[Provided information Boundary: Start]

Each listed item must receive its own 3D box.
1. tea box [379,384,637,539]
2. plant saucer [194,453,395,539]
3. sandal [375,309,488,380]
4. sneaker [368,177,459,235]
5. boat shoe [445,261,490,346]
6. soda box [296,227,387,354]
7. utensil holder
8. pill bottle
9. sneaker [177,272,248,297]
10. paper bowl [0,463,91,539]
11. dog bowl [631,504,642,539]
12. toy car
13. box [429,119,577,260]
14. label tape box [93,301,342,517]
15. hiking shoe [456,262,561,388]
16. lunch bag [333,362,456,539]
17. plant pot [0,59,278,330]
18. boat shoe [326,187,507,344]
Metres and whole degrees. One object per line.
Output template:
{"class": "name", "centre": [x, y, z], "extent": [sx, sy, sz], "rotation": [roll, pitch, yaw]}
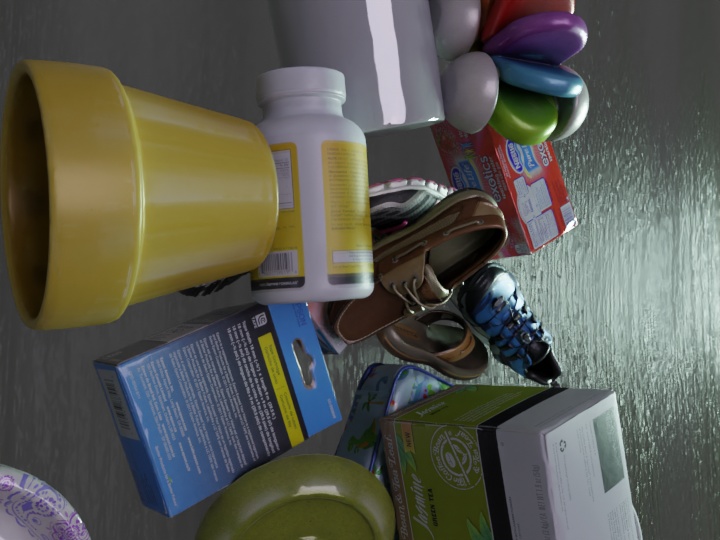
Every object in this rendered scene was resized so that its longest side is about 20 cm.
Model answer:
{"class": "tea box", "centre": [0.143, 0.224, 0.829], "extent": [0.133, 0.196, 0.202], "rotation": [-14, 96, -44]}
{"class": "plant saucer", "centre": [-0.057, 0.267, 0.813], "extent": [0.198, 0.031, 0.202], "rotation": [-6, 113, -14]}
{"class": "sandal", "centre": [0.089, 0.072, 0.956], "extent": [0.199, 0.054, 0.081], "rotation": [21, 29, -46]}
{"class": "sneaker", "centre": [0.064, -0.040, 0.890], "extent": [0.199, 0.073, 0.088], "rotation": [5, 76, -41]}
{"class": "boat shoe", "centre": [0.145, 0.030, 1.031], "extent": [0.200, 0.065, 0.074], "rotation": [37, 64, -30]}
{"class": "soda box", "centre": [0.000, 0.000, 0.923], "extent": [0.200, 0.063, 0.069], "rotation": [-47, 113, -30]}
{"class": "utensil holder", "centre": [-0.006, -0.237, 0.876], "extent": [0.169, 0.169, 0.202], "rotation": [-16, 98, -37]}
{"class": "pill bottle", "centre": [-0.048, -0.072, 0.772], "extent": [0.111, 0.112, 0.202], "rotation": [-2, 89, -38]}
{"class": "sneaker", "centre": [-0.112, -0.042, 0.847], "extent": [0.200, 0.074, 0.080], "rotation": [-33, 91, -39]}
{"class": "paper bowl", "centre": [-0.307, 0.242, 0.640], "extent": [0.200, 0.104, 0.203], "rotation": [4, 84, -38]}
{"class": "dog bowl", "centre": [0.266, 0.361, 1.088], "extent": [0.199, 0.079, 0.202], "rotation": [4, 83, -38]}
{"class": "toy car", "centre": [0.173, -0.238, 0.914], "extent": [0.174, 0.150, 0.202], "rotation": [2, 67, -27]}
{"class": "box", "centre": [0.171, -0.124, 1.045], "extent": [0.099, 0.095, 0.201], "rotation": [-29, 103, -35]}
{"class": "label tape box", "centre": [-0.129, 0.116, 0.812], "extent": [0.199, 0.063, 0.145], "rotation": [-23, 101, -36]}
{"class": "hiking shoe", "centre": [0.176, 0.060, 0.963], "extent": [0.074, 0.087, 0.200], "rotation": [-49, 140, -5]}
{"class": "lunch bag", "centre": [0.051, 0.213, 0.932], "extent": [0.160, 0.082, 0.201], "rotation": [28, 70, -31]}
{"class": "plant pot", "centre": [-0.176, -0.060, 0.695], "extent": [0.188, 0.200, 0.203], "rotation": [-3, 88, -31]}
{"class": "boat shoe", "centre": [0.055, 0.001, 0.824], "extent": [0.200, 0.074, 0.076], "rotation": [-41, 121, 7]}
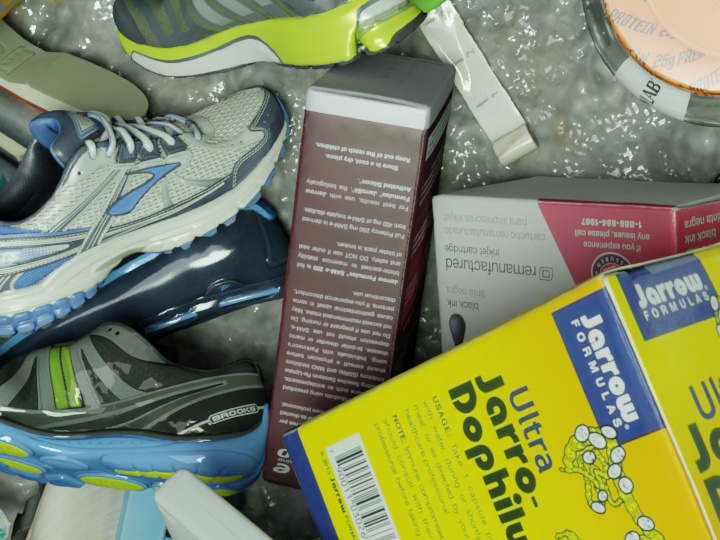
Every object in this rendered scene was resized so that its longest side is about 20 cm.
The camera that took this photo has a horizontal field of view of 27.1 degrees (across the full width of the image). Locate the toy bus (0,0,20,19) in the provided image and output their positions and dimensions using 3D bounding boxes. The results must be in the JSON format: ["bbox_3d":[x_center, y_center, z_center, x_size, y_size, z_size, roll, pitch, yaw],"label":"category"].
[{"bbox_3d":[-0.195,-0.185,0.786,0.065,0.078,0.200,34,64,10],"label":"toy bus"}]

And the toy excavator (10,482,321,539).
[{"bbox_3d":[-0.084,0.155,0.803,0.199,0.100,0.195,16,135,-13],"label":"toy excavator"}]

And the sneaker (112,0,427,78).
[{"bbox_3d":[-0.055,-0.148,0.752,0.200,0.074,0.081,2,117,41],"label":"sneaker"}]

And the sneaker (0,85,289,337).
[{"bbox_3d":[-0.125,-0.049,0.764,0.200,0.077,0.085,-35,122,-20],"label":"sneaker"}]

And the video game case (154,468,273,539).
[{"bbox_3d":[-0.002,0.192,0.657,0.200,0.182,0.024,35,65,29],"label":"video game case"}]

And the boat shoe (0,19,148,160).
[{"bbox_3d":[-0.211,-0.105,0.834,0.200,0.071,0.063,27,127,8],"label":"boat shoe"}]

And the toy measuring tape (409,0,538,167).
[{"bbox_3d":[0.028,-0.143,0.762,0.073,0.074,0.200,-30,87,16],"label":"toy measuring tape"}]

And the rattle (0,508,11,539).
[{"bbox_3d":[-0.298,0.134,0.865,0.200,0.130,0.143,-46,41,32],"label":"rattle"}]

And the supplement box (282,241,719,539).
[{"bbox_3d":[0.080,0.076,0.614,0.200,0.109,0.110,-31,78,45],"label":"supplement box"}]

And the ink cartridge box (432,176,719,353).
[{"bbox_3d":[0.118,0.060,0.714,0.145,0.084,0.201,6,104,46],"label":"ink cartridge box"}]

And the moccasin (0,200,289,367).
[{"bbox_3d":[-0.125,0.035,0.818,0.200,0.080,0.068,-30,91,17],"label":"moccasin"}]

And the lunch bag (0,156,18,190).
[{"bbox_3d":[-0.300,0.002,0.845,0.170,0.127,0.200,34,115,8],"label":"lunch bag"}]

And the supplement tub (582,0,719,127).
[{"bbox_3d":[0.164,-0.124,0.658,0.122,0.200,0.123,2,96,16],"label":"supplement tub"}]

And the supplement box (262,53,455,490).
[{"bbox_3d":[0.000,0.000,0.742,0.061,0.109,0.201,9,109,7],"label":"supplement box"}]

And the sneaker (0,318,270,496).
[{"bbox_3d":[-0.141,0.065,0.764,0.199,0.071,0.083,7,62,8],"label":"sneaker"}]

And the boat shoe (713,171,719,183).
[{"bbox_3d":[0.186,0.041,0.741,0.075,0.060,0.201,2,96,15],"label":"boat shoe"}]

[Provided information Boundary: End]

What the exercise asks:
Set down precisely the lines above between the line holding "7. utensil holder" and the line holding "18. boat shoe [326,187,507,344]", inclusive, and nothing beyond them.

Task response:
7. utensil holder
8. pill bottle
9. sneaker [177,272,248,297]
10. paper bowl [0,463,91,539]
11. dog bowl [631,504,642,539]
12. toy car
13. box [429,119,577,260]
14. label tape box [93,301,342,517]
15. hiking shoe [456,262,561,388]
16. lunch bag [333,362,456,539]
17. plant pot [0,59,278,330]
18. boat shoe [326,187,507,344]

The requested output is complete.